“Banana” de R$ 35 milhões é comida mais uma vez
A instalação artística intitulada “Comedian”, criada pelo italiano Maurizio Cattelan, tornou-se símbolo de debates sobre os limites da arte
A instalação artística intitulada “Comedian”, criada pelo italiano Maurizio Cattelan, tornou-se símbolo de debates sobre os limites da arte contemporânea nos últimos anos. A obra, composta por uma banana fresca presa à parede com fita adesiva, foi exposta em diversos museus ao redor do mundo, incluindo o Centre-Pompidou Metz, na França. O episódio mais recente aconteceu no dia 12 de julho, quando um visitante do museu consumiu a banana diretamente da exposição, atraindo novamente atenção internacional para a peça e sua proposta provocativa.
A ação do visitante, rapidamente controlada pela equipe de segurança conforme protocolos do museu, levantou questões sobre a natureza efêmera da criação de Cattelan. Logo após o incidente, a banana foi substituída conforme as instruções do próprio artista, que considera a fruta apenas um elemento perecível da obra, que deve ser substituída periodicamente. Ainda assim, a cena despertou discussões a respeito do verdadeiro significado por trás da obra, especialmente sobre a relação entre o objeto e o conceito.
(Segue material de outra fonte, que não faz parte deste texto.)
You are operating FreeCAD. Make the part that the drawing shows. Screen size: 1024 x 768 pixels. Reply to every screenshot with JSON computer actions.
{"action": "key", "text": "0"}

Por que a banana colada na parede é considerada arte?
“Comedian” ultrapassa a simplicidade de seus elementos materiais. A peça de Maurizio Cattelan explora a crítica ao mercado de arte e aos sistemas de valorização do trabalho artístico. A escolha de uma banana presa por fita adesiva destaca a efemeridade e a fragilidade, provocando o público a refletir sobre o que realmente compõe uma obra de arte. O debate se intensifica quando ações como a de visitar e consumir a banana mostram que a experiência e a interpretação fazem parte da performance proposta.
Ao incluir um objeto corriqueiro, Cattelan assume postura semelhante às vanguardas do século XX, que desafiaram o papel tradicional do artista e o valor atribuído aos materiais empregados em suas criações. Desde a sua estreia na Art Basel Miami, em 2019, a obra já foi alvo de intervenções públicas e reações variadas.
Quais os principais episódios envolvendo “Comedian”?
Desde sua primeira aparição pública, a obra de Maurizio Cattelan tem protagonizado episódios inusitados. Logo após ser apresentada em Miami, o artista performático David Datuna retirou a banana da parede e comeu-a diante de diversos espectadores, gerando repercussão mundial. Situação semelhante aconteceu em 2023, no Museu de Arte Leeum, na Coreia do Sul, onde um estudante de arte protagonizou gesto similar, consumindo o elemento central da obra.
- 2019: Apresentação na Art Basel Miami, onde a obra é vendida por cifras impressionantes.
- Intervenção do artista performático David Datuna, que retira e consome a banana em plena feira.
- 2023: Episódio em Seul, com estudante de arte repetindo o ato de comer a banana.
- 2025: Incidente recente no Centre-Pompidou Metz, na França, reacende debates e mantém a obra no centro das atenções.
Além desses episódios, a obra foi arrematada em novembro de 2024 pelo colecionador chinês Justin Sun, por cerca de 35 milhões de reais, que também chegou a comer a banana.
Que discussões a obra de Maurizio Cattelan gera sobre o mercado de arte?
“Comedian” estimula uma análise crítica sobre o funcionamento do mercado de arte contemporâneo, seus valores e critérios de legitimidade. A comercialização da obra, que inclui apenas um certificado de autenticidade e instruções sobre a substituição da banana, chama atenção para o valor atribuído ao conceito mais do que ao objeto físico. Para muitos especialistas, o maior mérito da peça reside em sua capacidade de questionar o sistema e provocar debates públicos recorrentes.
O caso também expôs o paradoxo existente entre o caráter transitório da banana e os altos valores financeiros envolvidos na obra, que chegou a atingir cifras superiores a 6 milhões de dólares em leilão. O Centre-Pompidou Metz definiu “Comedian” como uma das obras artísticas “mais comidas” das últimas décadas, marcando presença entre as grandes controvérsias do universo das artes visuais.